Thanks for your explorer based solution.

I had the hope that there is a solution which is more performant than with plain elixir.

Anyways. I think I follow your suggestion and try to directly use polars.

Hopefully with this I collect enough knowledge to contribute to explorer some day.

Thx again

Cheers
Frank

billylanchantin · September 28, 2023, 2:44pm

Sure thing

Some other thoughts while it’s on my mind.

The interpolation operation is not very array-programming friendly. Check out what these two major implementations are doing:

Both are quite loop heavy. The reason is that the two arrays in question – the original array and the array of points to sample at – are different sizes. Fundamentally, some work needs to be done to figure out which values of the original array are relevant to each sampling point.

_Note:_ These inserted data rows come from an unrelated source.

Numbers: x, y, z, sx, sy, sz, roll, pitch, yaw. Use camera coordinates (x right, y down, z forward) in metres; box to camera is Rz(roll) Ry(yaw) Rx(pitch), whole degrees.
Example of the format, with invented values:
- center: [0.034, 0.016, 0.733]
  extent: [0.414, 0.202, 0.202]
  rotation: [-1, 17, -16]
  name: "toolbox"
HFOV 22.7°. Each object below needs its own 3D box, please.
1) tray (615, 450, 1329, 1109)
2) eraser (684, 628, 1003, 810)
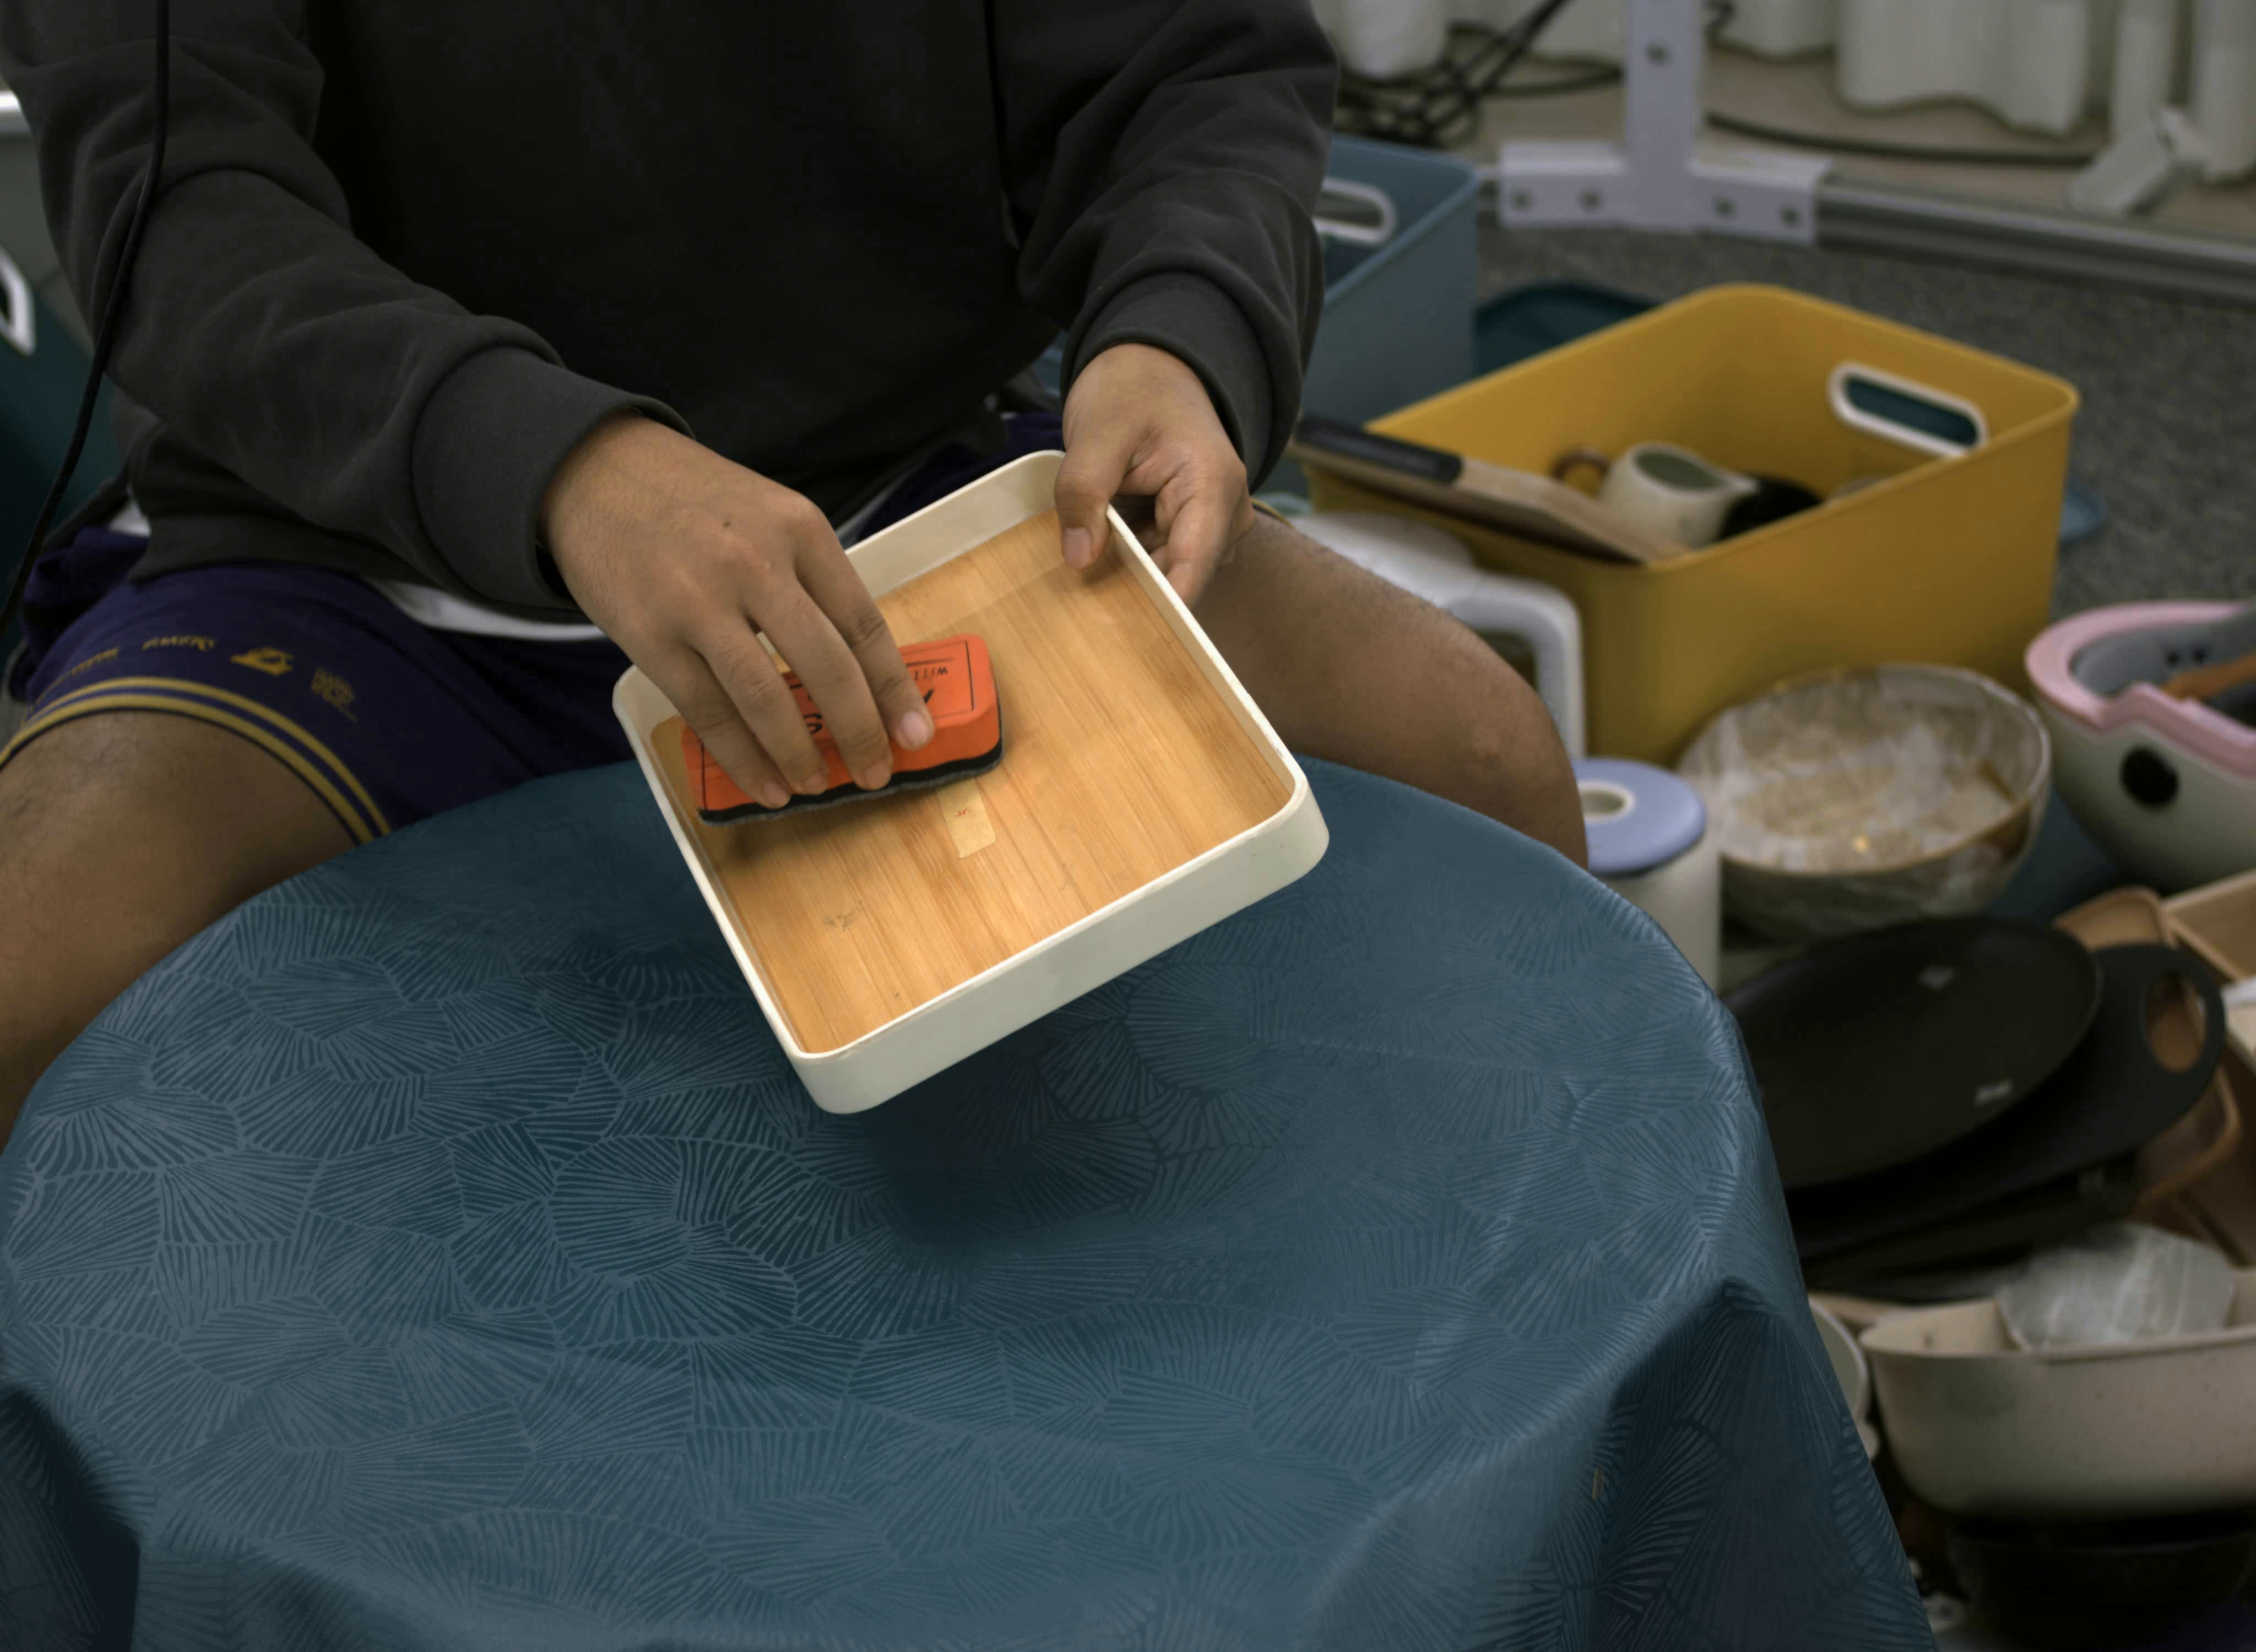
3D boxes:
- center: [-0.059, -0.022, 1.918]
  extent: [0.191, 0.027, 0.303]
  rotation: [-28, 31, -4]
  name: "tray"
- center: [-0.098, -0.037, 1.934]
  extent: [0.107, 0.022, 0.060]
  rotation: [-14, 24, 2]
  name: "eraser"

Now this fact is essentially irrelevant to Explorer since Explorer is using Polars under the hood (at least the primary backend is). Adding interpolation to Explorer is more about API design than it is about algorithms. I mostly note this fundamental limitation of interpolation to set expectations about what’s possible from an Elixir-based solution.